La sinistra non dovrebbe quindi filosofeggiare sul merito dicendo quello che in sostanza dice da cinque decenni: rendiamo la scuola più facile per renderla più inclusiva. Dovrebbe invece dire due cose: 1) a scuola non si acquisiscono le competenze dell’efficienza neoliberale ma i saperi che rendono capaci di stare veramente al mondo e di saperlo governare come sforzo collettivo e democratico su regole norme e valori, che devono essere sempre in discussione e non dipendono da alcuna metafisica platonica o tecnoscientifica; 2) bisogna fare in modo che tutti siano in grado di accedere ai punti più alti dell’arte e del pensiero, e quindi è necessario un unico liceo dell’obbligo fino ai 18 anni, con un unico programma nazionale.
Le inclinazioni e gli interessi potranno poi essere coltivati all’università o nei vari corsi successivi al liceo. Infatti, a tredici-quattordici anni, di solito, non si hanno inclinazioni né interessi e non si può pensare che ci si possa auto-formare. Ogni giovane dev’essere informato intorno a Sofocle e Beethoven, Hegel e Leopardi, Michelangelo e Braudel. Non può sapere da solo che esistono, e non può avere idea della loro grandezza senza una minima forma di imposizione.

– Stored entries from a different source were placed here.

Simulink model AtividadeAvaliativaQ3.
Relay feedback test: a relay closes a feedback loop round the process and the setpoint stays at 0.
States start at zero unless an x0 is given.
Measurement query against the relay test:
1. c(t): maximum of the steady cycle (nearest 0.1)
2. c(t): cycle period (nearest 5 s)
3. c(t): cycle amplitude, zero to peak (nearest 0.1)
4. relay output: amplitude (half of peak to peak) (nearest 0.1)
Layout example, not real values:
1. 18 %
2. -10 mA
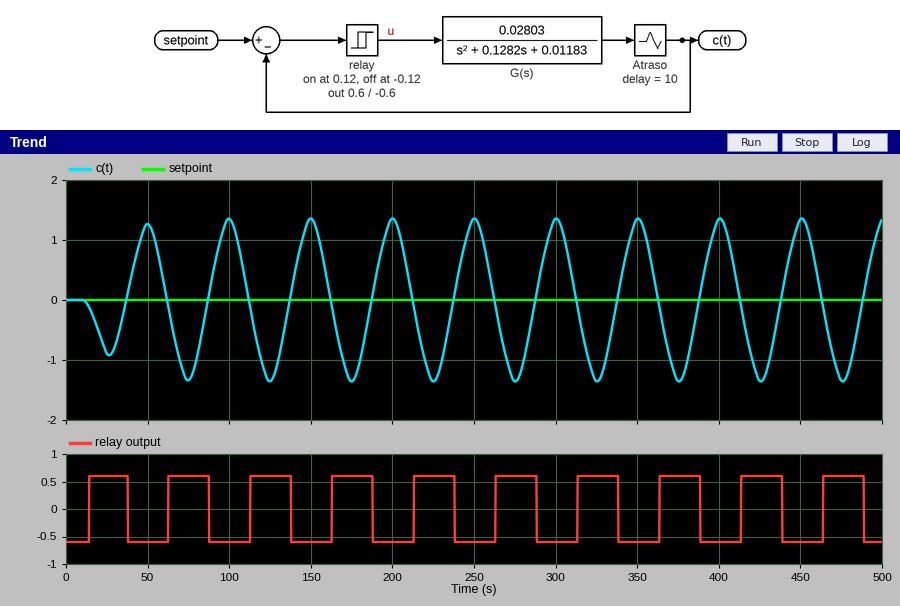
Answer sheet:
1. 1.4
2. 50 s
3. 1.4
4. 0.6
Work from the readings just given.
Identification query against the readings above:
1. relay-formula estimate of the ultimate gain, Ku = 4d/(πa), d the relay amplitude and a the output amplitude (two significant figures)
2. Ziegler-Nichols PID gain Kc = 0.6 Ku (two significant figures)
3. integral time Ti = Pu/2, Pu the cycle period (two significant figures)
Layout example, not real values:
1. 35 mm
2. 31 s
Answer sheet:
1. 0.55
2. 0.33
3. 25 s
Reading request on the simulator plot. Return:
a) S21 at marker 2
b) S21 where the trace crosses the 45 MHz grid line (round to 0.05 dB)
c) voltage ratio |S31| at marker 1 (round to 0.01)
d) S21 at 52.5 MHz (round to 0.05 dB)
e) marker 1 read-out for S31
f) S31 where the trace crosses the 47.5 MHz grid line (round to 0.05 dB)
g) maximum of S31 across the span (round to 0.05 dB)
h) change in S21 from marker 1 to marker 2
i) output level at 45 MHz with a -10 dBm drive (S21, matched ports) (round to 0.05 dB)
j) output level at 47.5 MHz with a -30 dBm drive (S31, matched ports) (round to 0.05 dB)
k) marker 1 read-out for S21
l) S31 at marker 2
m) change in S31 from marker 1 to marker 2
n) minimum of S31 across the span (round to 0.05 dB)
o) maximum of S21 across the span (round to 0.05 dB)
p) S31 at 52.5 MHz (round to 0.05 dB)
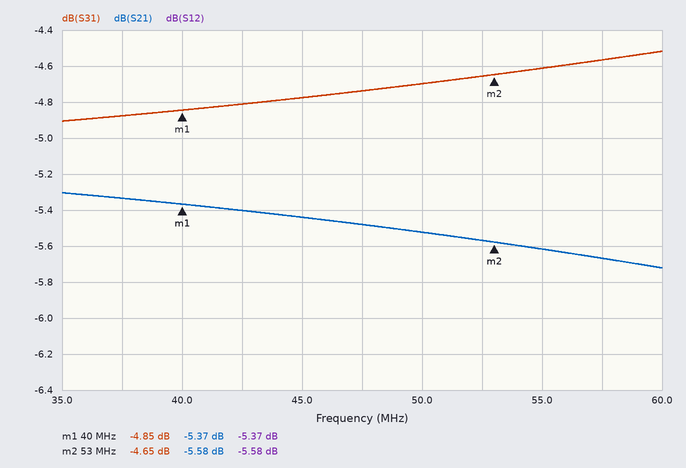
-5.58 dB
-5.45 dB
0.57
-5.55 dB
-4.85 dB
-4.75 dB
-4.50 dB
-0.21 dB
-15.45 dBm
-34.75 dBm
-5.37 dB
-4.65 dB
0.20 dB
-4.90 dB
-5.30 dB
-4.65 dB
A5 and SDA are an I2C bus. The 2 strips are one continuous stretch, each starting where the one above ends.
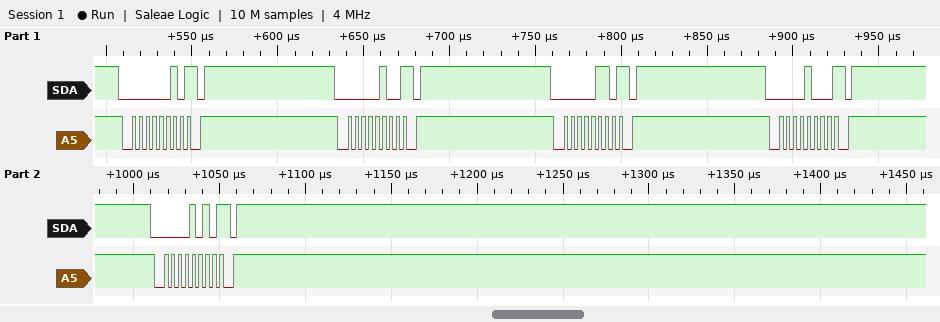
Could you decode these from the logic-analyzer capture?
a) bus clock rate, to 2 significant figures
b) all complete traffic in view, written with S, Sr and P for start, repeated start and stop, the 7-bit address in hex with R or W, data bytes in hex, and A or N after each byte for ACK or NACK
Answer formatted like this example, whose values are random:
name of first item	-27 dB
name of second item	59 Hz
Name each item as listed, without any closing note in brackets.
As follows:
bus clock rate, to 2 significant figures	250 kHz
all complete traffic in view, written with S, Sr and P for start, repeated start and stop, the 7-bit address in hex with R or W, data bytes in hex, and A or N after each byte for ACK or NACK	S 01W N P S 02W N P S 03W N P S 04W N P S 05W N P
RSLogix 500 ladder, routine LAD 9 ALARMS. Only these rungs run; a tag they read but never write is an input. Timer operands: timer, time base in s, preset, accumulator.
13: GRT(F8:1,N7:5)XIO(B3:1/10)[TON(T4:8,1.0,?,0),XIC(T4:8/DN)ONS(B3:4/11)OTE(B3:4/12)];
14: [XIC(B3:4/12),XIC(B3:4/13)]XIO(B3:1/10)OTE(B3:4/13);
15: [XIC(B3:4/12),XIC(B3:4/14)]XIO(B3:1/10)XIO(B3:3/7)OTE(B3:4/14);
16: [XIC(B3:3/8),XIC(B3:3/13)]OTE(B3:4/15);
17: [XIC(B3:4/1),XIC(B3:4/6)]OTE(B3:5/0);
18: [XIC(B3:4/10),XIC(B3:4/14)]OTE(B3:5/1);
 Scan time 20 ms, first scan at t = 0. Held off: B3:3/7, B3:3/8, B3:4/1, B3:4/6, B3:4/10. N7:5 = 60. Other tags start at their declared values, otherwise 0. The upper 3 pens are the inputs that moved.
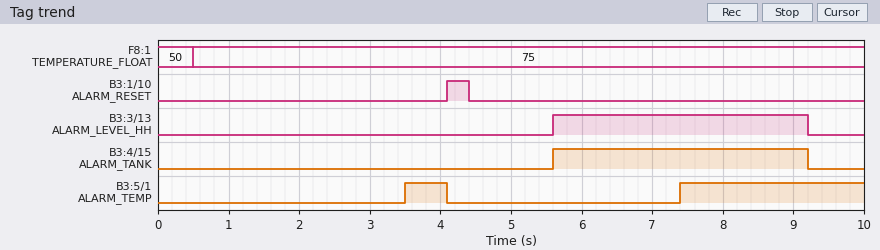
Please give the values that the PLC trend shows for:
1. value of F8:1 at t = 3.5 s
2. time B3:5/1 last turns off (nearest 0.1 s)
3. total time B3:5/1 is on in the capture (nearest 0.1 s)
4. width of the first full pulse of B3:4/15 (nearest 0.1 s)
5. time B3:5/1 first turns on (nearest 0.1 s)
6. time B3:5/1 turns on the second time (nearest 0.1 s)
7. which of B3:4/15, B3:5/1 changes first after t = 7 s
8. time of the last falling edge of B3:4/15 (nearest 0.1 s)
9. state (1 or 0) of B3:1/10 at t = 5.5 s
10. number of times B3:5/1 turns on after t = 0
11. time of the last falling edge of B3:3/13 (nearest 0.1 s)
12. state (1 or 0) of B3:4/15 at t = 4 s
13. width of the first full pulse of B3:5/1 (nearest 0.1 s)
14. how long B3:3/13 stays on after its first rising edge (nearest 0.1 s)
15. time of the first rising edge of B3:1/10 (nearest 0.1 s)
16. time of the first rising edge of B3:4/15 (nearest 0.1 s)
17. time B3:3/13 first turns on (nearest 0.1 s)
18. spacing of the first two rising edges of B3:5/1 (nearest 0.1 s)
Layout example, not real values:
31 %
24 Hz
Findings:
75
4.1 s
3.2 s
3.6 s
3.5 s
7.4 s
B3:5/1
9.2 s
0
2
9.2 s
0
0.6 s
3.6 s
4.1 s
5.6 s
5.6 s
3.9 s
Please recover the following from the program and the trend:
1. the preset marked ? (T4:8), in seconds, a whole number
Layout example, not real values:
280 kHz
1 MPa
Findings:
3 s
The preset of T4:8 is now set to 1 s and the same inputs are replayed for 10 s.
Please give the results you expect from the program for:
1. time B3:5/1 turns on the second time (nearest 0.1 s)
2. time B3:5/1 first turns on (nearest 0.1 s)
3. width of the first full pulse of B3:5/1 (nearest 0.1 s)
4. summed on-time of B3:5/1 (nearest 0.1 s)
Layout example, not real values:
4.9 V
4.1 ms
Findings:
5.4 s
1.5 s
2.6 s
7.2 s
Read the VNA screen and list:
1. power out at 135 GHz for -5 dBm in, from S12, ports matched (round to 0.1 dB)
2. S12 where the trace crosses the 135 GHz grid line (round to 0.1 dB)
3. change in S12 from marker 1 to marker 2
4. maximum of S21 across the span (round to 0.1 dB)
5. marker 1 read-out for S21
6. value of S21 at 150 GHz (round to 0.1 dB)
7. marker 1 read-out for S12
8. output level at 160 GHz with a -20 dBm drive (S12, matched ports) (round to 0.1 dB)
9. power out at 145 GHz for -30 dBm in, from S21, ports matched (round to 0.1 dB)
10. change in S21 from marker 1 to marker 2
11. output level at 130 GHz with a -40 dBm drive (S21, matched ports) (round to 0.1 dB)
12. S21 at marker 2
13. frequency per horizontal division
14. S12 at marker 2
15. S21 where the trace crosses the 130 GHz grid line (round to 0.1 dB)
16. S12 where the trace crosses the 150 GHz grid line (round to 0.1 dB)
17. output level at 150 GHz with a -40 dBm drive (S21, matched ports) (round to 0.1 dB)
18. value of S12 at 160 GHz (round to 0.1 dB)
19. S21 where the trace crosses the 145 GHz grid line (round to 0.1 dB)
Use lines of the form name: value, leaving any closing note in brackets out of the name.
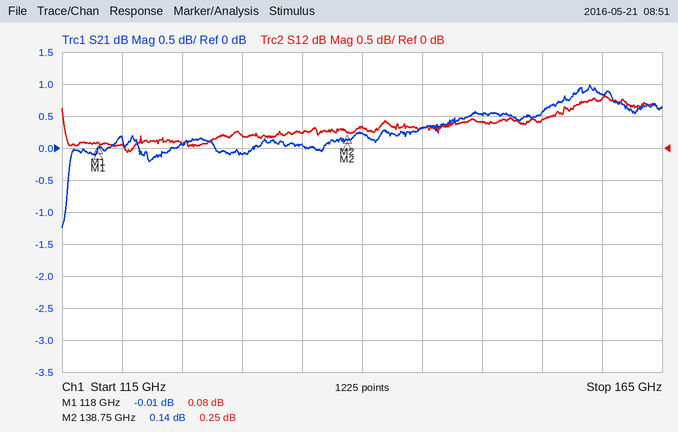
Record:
power out at 135 GHz for -5 dBm in, from S12, ports matched: -4.8 dBm
S12 where the trace crosses the 135 GHz grid line: 0.2 dB
change in S12 from marker 1 to marker 2: 0.17 dB
maximum of S21 across the span: 1.0 dB
marker 1 read-out for S21: -0.01 dB
value of S21 at 150 GHz: 0.5 dB
marker 1 read-out for S12: 0.08 dB
output level at 160 GHz with a -20 dBm drive (S12, matched ports): -19.2 dBm
power out at 145 GHz for -30 dBm in, from S21, ports matched: -29.7 dBm
change in S21 from marker 1 to marker 2: 0.15 dB
output level at 130 GHz with a -40 dBm drive (S21, matched ports): -40.1 dBm
S21 at marker 2: 0.14 dB
frequency per horizontal division: 5 GHz
S12 at marker 2: 0.25 dB
S21 where the trace crosses the 130 GHz grid line: -0.1 dB
S12 where the trace crosses the 150 GHz grid line: 0.4 dB
output level at 150 GHz with a -40 dBm drive (S21, matched ports): -39.5 dBm
value of S12 at 160 GHz: 0.8 dB
S21 where the trace crosses the 145 GHz grid line: 0.3 dB
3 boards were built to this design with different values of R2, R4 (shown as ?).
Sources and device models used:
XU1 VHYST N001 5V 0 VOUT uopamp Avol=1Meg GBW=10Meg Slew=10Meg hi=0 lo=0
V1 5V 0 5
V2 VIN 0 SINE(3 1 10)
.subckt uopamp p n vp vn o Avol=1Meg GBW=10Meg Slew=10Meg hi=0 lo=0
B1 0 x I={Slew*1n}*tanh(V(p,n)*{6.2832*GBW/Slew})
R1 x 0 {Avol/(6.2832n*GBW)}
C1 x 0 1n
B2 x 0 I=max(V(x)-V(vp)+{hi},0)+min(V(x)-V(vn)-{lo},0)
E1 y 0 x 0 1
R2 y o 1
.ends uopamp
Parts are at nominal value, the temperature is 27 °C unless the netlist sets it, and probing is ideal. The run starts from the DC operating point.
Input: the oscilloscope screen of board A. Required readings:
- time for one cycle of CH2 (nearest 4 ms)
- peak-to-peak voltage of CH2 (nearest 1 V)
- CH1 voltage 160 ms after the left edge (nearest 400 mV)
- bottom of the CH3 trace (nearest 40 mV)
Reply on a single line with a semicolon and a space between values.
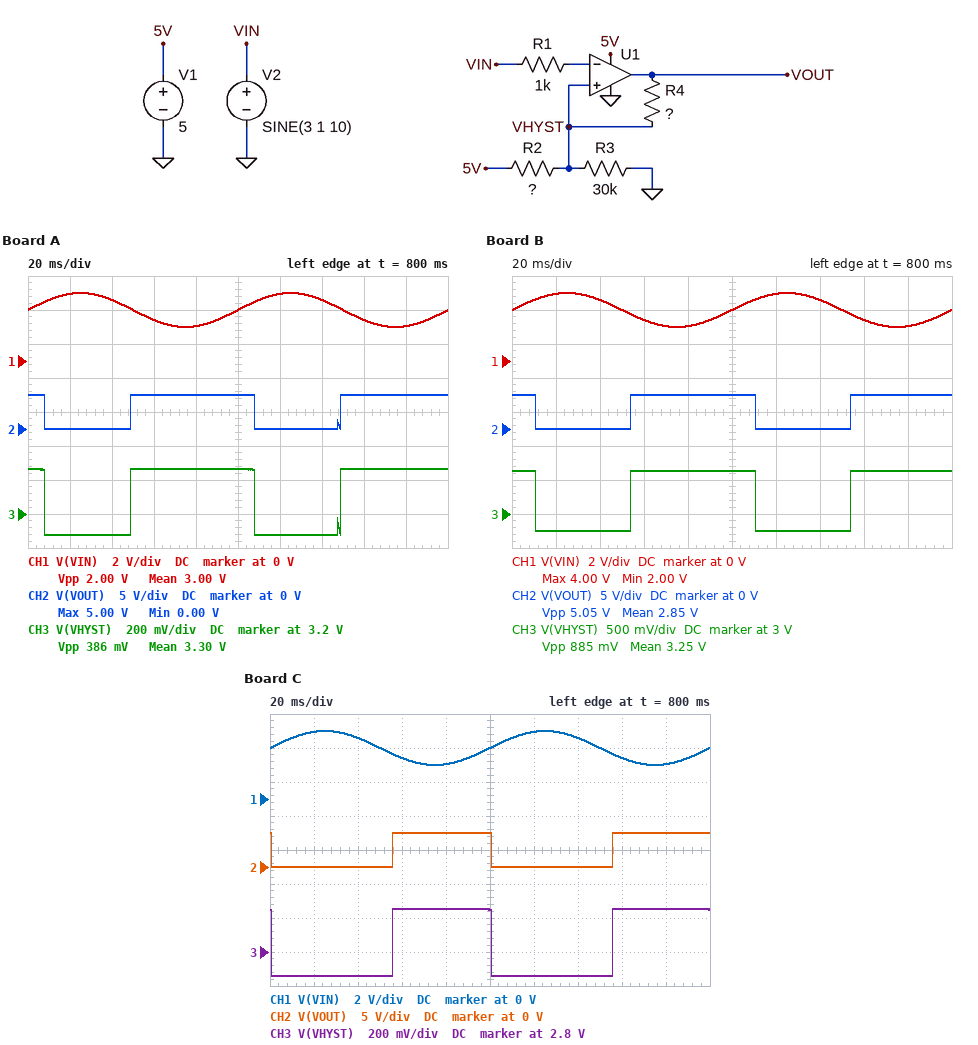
100 ms; 5 V; 2.4 V; 3.08 V
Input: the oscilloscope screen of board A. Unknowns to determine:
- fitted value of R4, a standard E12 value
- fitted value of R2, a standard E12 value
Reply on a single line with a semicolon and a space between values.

120 kΩ; 15 kΩ
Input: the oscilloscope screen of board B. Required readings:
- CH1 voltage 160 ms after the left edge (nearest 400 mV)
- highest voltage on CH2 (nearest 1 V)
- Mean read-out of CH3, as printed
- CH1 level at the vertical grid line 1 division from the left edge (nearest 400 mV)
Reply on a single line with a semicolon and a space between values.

2.4 V; 5 V; 3.25 V; 4.0 V
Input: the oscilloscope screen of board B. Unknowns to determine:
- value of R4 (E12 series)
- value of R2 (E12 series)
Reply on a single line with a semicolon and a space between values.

47 kΩ; 15 kΩ
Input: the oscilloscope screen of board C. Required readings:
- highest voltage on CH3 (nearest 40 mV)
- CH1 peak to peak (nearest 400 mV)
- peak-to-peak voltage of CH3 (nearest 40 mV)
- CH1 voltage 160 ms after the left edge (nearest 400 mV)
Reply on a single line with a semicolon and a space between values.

3.04 V; 2.0 V; 400 mV; 2.4 V
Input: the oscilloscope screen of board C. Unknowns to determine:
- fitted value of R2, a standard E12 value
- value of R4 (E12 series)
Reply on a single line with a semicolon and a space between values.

22 kΩ; 150 kΩ
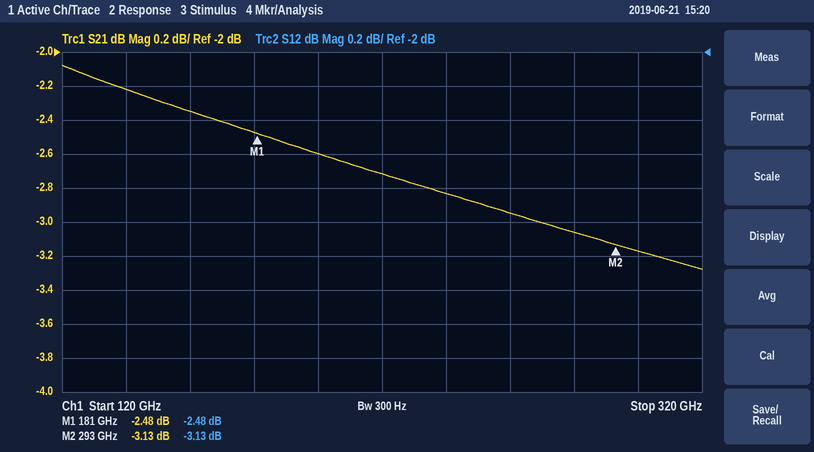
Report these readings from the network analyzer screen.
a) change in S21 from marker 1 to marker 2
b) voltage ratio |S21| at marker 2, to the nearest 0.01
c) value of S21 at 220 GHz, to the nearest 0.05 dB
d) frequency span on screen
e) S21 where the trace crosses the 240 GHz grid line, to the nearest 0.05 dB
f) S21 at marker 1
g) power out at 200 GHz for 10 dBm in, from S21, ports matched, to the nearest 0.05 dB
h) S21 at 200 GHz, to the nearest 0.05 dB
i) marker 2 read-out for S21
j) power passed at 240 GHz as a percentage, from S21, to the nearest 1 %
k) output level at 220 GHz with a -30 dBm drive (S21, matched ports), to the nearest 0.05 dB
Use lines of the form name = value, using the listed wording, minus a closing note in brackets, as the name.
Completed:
change in S21 from marker 1 to marker 2 = -0.65 dB
voltage ratio |S21| at marker 2, to the nearest 0.01 = 0.70
value of S21 at 220 GHz, to the nearest 0.05 dB = -2.70 dB
frequency span on screen = 200 GHz
S21 where the trace crosses the 240 GHz grid line, to the nearest 0.05 dB = -2.85 dB
S21 at marker 1 = -2.48 dB
power out at 200 GHz for 10 dBm in, from S21, ports matched, to the nearest 0.05 dB = 7.40 dBm
S21 at 200 GHz, to the nearest 0.05 dB = -2.60 dB
marker 2 read-out for S21 = -3.13 dB
power passed at 240 GHz as a percentage, from S21, to the nearest 1 % = 52 %
output level at 220 GHz with a -30 dBm drive (S21, matched ports), to the nearest 0.05 dB = -32.70 dBm
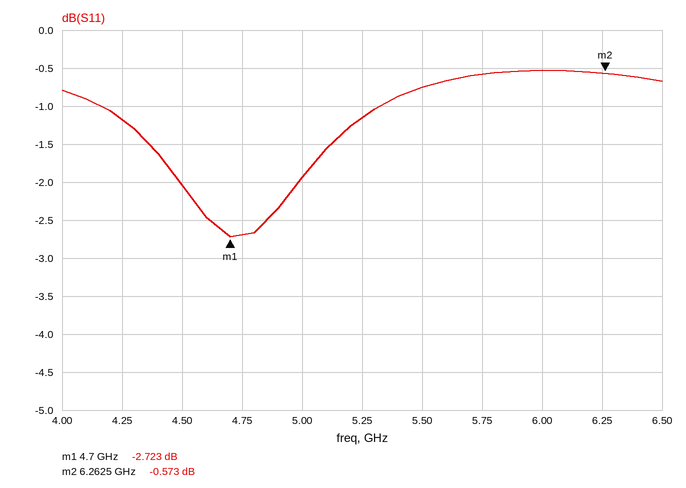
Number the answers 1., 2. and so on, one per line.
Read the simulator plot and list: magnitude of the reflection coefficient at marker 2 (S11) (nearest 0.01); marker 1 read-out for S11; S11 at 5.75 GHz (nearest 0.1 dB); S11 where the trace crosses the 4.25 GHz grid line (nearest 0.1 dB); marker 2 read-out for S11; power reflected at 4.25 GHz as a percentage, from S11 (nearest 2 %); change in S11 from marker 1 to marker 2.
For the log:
1. 0.94
2. -2.723 dB
3. -0.6 dB
4. -1.2 dB
5. -0.573 dB
6. 76 %
7. 2.150 dB
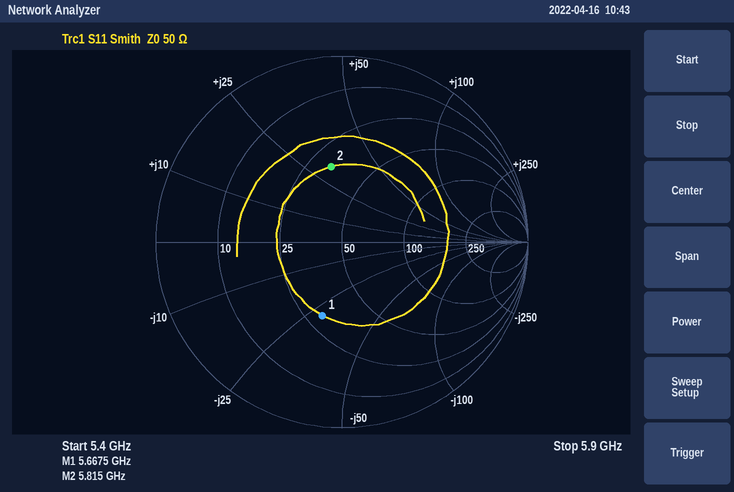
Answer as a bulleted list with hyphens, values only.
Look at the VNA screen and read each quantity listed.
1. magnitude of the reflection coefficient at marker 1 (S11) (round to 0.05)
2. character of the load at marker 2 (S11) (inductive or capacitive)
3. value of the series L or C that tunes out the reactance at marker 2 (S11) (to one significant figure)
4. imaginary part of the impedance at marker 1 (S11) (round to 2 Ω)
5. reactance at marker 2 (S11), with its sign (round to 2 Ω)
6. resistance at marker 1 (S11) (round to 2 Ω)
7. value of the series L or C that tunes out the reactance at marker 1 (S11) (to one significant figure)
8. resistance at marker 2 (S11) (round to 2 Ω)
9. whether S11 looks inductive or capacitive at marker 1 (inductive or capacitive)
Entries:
- 0.40
- inductive
- 900 fF
- -28 Ω
- +32 Ω
- 30 Ω
- 800 pH
- 32 Ω
- capacitive

Lasciamo stare la parola merito. Parliamo invece del fatto che la scuola non deve servire a nulla e che in questa inutilità sta il servizio più grande che può fare alla società e ai suoi giovani. E pensiamo anche ai vecchi. Nelle nostre società aumenta la speranza di vita e diminuiscono, allo stesso tempo, i vincoli comunitari, i saperi tradizionali, le occasioni di socialità. Tanti anziani soli, esposti al pensiero della fine imminente, se adeguatamente formati in gioventù, potranno almeno trovare consolazione nella poesia, nella musica, nell’introspezione filosofica, nella contemplazione del mondo plasmato dall’ingegno umano.